Corregir los hábitos a través de los impuestos

Malas acciones. La solución para cambiar las malas costumbres alimenticias de la sociedad no es subir los precios

26 ene 2020 / 12:50 H.

Corregir la mala alimentación en occidente (que ya contagia a casi todo el mundo) moviendo al alza los impuestos es algo así como pretender erradicar, digamos que el cáncer de pulmón, con las pamemas del brujo de la tribu. Tranquiliza a algunos y refuerza el poder de la superstición, que es superchería, de otros líderes sociales. La mala alimentación tiene causas bien profundas que no las aliviará siquiera el aumento de 0,47 céntimos la lata de tomate o en 0,80 la pizza margarita. Son políticas, económicas y culturales. El anuncio, poco preciso, del flamante y bisoño Ministro de Consumo Alberto Garzón, de revisar la fiscalidad de los alimentos ultra procesados o ricos en grasas y azúcares, si se queda solo ahí, es poco más que un parche que alarma al mercado y arreglará bien poco, pero eso sí, inflamará la sensación de triunfo y justicia proletaria de algunos políticos, tan ingenuos como osados, que se quedaron en el tiempo en que reyes y dictadores subían y bajaban los precios del trigo a capricho.

Claro que el vasto sector agroalimentario y la distribución organizada han cometido grandes errores al confundir con su propaganda engañosa y poco instructiva a un consumidor masivamente virgen de criterio y cada día más adocenado. Pero este mercado también llena los lineales y tiendas del mundo cada día de más oferta de productos, mejor preparados, más apetecibles y sobre todo seguros. Nunca hubo más personas y mejor alimentadas (como vemos muchas en exceso) gracias a esa maquinaria que se propuso dar de comer a todo aquel que ganara solo 500€ al mes, como dicen que llegó a afirmar Juan Roig para reafirmar el compromiso de su grupo empresarial con los pobres. El problema de fondo es que occidente se llena de pobres; de parados; de millones de personas expulsadas por el sistema con escaso o nulo poder adquisitivo y hace crecer una sociedad de desiguales progresivamente ajenos a las políticas públicas basada en la pedagogía y la escuela. Las políticas impositivas tan demandadas, sobre todo por los especialistas en salud publica y no tanto por los expertos en economía de todas las tendencias o sesgos ideológicos, como remedio central contra el aumento de la obesidad, las enfermedades cardiovasculares o la diabetes, son medidas estresantes para el mercado que, aun pudiendo tener resultados puntuales positivos, valen en esencia para favorecer la recaudación de las haciendas y que al pobre cueste la pizza congeladas unos céntimos más.

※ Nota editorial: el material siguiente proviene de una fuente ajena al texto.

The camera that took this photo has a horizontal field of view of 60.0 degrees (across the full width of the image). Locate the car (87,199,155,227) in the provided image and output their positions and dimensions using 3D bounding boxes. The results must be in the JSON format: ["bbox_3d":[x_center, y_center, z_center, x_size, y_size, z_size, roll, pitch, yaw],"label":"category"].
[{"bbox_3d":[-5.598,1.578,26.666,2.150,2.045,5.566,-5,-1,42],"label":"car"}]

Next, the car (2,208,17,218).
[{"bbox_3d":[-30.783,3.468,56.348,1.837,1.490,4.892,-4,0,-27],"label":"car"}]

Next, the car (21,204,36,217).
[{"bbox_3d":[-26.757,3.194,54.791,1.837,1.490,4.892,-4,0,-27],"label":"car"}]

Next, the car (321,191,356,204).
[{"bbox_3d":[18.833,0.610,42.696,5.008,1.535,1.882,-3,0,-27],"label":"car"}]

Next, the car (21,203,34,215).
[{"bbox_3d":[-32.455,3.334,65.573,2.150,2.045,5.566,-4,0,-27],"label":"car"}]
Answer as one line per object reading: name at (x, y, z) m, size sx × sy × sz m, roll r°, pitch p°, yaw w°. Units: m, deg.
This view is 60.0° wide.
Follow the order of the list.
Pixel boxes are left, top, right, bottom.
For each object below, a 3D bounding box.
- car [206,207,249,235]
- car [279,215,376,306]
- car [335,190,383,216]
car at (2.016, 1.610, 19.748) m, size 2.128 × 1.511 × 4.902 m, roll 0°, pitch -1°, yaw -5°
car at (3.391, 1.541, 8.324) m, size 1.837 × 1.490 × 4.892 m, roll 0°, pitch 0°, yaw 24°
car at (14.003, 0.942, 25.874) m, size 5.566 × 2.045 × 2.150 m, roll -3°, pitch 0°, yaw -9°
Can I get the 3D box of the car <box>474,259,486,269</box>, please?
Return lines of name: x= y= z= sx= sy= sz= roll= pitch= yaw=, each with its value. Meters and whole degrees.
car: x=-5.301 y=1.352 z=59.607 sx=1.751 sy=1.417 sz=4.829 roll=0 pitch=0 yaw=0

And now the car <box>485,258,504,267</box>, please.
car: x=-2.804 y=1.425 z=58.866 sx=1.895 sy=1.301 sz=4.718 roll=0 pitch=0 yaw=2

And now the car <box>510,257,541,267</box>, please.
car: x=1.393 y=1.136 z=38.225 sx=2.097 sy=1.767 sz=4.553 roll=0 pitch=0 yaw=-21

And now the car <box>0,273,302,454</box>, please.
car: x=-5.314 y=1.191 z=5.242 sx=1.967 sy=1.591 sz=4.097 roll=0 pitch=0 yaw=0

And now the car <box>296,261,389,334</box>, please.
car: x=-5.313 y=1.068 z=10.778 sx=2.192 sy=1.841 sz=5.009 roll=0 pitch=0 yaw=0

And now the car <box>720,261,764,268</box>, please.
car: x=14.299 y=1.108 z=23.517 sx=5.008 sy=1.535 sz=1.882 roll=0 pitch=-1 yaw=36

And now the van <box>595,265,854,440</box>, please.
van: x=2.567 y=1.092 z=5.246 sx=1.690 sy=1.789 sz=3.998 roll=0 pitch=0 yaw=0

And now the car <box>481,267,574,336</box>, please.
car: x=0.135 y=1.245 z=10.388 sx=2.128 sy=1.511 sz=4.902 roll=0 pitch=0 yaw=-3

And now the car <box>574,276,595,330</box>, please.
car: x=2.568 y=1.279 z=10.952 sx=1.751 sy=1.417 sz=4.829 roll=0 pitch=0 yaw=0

Parece más racional y más eficaz a corto y medio plazo, insistir en políticas publicas más exigentes y vigiladas de reducción progresiva y acelerada en el tiempo de esos elementos grasos o azucarados en exceso, así como esa pésima calidad de tanta materia prima en la base de la masiva fabricación de alimentos procesados. Y sobre todo llevar en datos la cruda realidad de una mala alimentación a gran preocupación pública. Porque poco ayudan el espectáculo de los mil masters chef que vemos en las televisiones, se necesitan políticas públicas preventivas, y punitivas también, que lleven a la gran mayoría de la población información precisa y cierta del problema y les ofrezca soluciones alternativas; que oriente en definitiva sobre qué comer y que tipo de vida llevar para que la molicie no nos atrape en la gran ciudad.

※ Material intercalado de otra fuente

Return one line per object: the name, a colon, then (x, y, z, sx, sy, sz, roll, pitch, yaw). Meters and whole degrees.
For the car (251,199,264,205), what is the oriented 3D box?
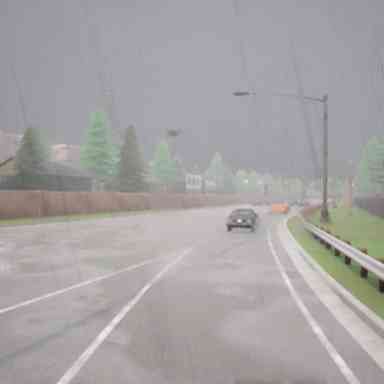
car: (15.368, 2.618, 78.763, 2.128, 1.511, 4.902, 0, -1, 24)

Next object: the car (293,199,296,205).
car: (21.925, 2.673, 76.277, 1.994, 1.385, 4.181, 0, -1, 24)

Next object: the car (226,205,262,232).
car: (3.577, 1.857, 22.779, 2.033, 1.411, 5.357, 0, -1, 16)

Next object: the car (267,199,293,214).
car: (12.136, 2.014, 45.577, 2.097, 1.767, 4.553, 0, -1, 24)

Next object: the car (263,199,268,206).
car: (18.561, 2.581, 77.331, 1.882, 1.535, 5.008, 0, -1, 24)

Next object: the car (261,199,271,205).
car: (19.633, 2.642, 88.270, 1.812, 1.442, 4.674, 0, -1, 24)

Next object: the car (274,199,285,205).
car: (22.826, 2.669, 86.837, 2.033, 1.411, 5.357, 0, -1, 24)

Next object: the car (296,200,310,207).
car: (25.960, 2.518, 76.720, 2.097, 1.767, 4.553, 0, -1, 24)

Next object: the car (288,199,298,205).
car: (26.020, 2.618, 85.405, 1.882, 1.535, 5.008, 0, -1, 24)
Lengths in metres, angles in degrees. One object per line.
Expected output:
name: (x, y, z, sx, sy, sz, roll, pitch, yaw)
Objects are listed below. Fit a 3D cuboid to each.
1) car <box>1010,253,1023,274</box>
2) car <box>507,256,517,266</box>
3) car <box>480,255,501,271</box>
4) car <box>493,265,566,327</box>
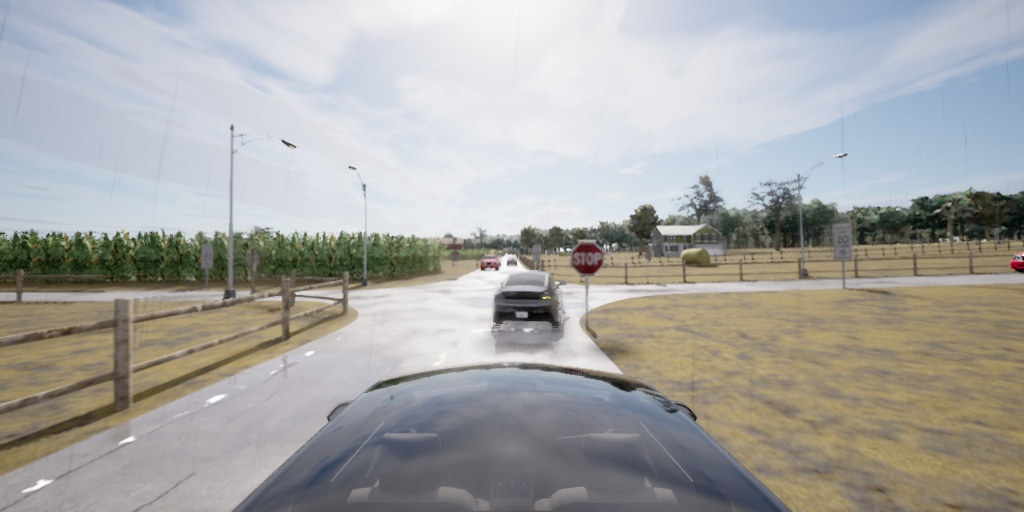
car: (33.344, 0.009, 21.230, 5.566, 2.045, 2.150, -2, -1, 0)
car: (0.001, 1.040, 65.161, 2.128, 1.511, 4.902, 0, 0, 0)
car: (-2.841, 0.854, 46.057, 2.150, 2.045, 5.566, 0, 0, -1)
car: (0.651, 1.236, 11.538, 1.837, 1.490, 4.892, 0, 0, 9)
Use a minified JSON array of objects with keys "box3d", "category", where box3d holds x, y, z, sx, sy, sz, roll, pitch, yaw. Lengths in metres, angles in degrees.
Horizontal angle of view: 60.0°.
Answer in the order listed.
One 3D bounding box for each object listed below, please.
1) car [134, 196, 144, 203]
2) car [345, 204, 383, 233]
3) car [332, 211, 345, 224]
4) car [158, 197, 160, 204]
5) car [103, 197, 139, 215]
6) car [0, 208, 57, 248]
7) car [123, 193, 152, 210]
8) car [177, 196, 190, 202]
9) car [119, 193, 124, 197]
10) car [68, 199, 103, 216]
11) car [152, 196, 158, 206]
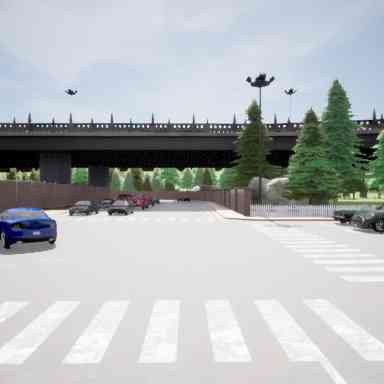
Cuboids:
[{"box3d":[-11.001,1.566,68.438,1.994,1.385,4.181,0,0,-10],"category":"car"},{"box3d":[11.481,1.297,18.671,4.553,1.767,2.097,0,0,2],"category":"car"},{"box3d":[11.985,1.545,22.179,4.718,1.301,1.895,0,0,2],"category":"car"},{"box3d":[-7.197,1.547,64.403,2.033,1.411,5.357,0,0,-3],"category":"car"},{"box3d":[-7.043,1.547,33.560,2.033,1.411,5.357,0,0,0],"category":"car"},{"box3d":[-7.627,1.458,14.862,1.882,1.535,5.008,0,0,-39],"category":"car"},{"box3d":[-7.045,1.221,43.734,2.150,2.045,5.566,0,0,0],"category":"car"},{"box3d":[-1.908,1.553,75.198,1.994,1.385,4.181,0,0,-19],"category":"car"},{"box3d":[-10.577,1.219,52.507,2.150,2.045,5.566,0,0,0],"category":"car"},{"box3d":[-10.571,1.526,32.907,1.812,1.442,4.674,0,0,0],"category":"car"},{"box3d":[-7.046,1.564,53.742,1.994,1.385,4.181,0,0,0],"category":"car"}]
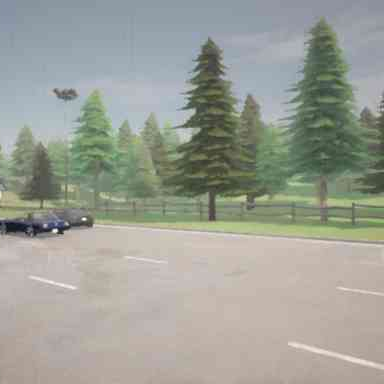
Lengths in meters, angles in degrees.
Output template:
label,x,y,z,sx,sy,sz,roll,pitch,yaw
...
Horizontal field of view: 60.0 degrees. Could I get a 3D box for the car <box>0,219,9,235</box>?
label,x,y,z,sx,sy,sz,roll,pitch,yaw
car,-11.540,1.707,16.518,4.902,1.511,2.128,-1,0,35

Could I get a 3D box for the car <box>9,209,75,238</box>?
label,x,y,z,sx,sy,sz,roll,pitch,yaw
car,-9.121,1.811,19.093,4.718,1.301,1.895,-1,0,35

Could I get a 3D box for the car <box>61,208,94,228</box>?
label,x,y,z,sx,sy,sz,roll,pitch,yaw
car,-8.748,1.797,23.125,4.181,1.385,1.994,-1,0,35

Algunos de los argumentos más extendidos y exitosos para poner en valor el efecto positivo de la subida de impuestos en este amplio rango de productos, se resumen en subir el impuesto de “lo malo” y bajarlo a “lo bueno”. Y se quedan tan a gusto. Ni le suenan los versos de Antonio Machado: “el necio confunde el valor con el precio”, y no parecen haber leído nada de esa vastísima literatura existente sobre la formación de precios. Mejor nos valdría a todos que venciera el eslogan “más deporte y menos impuestos”.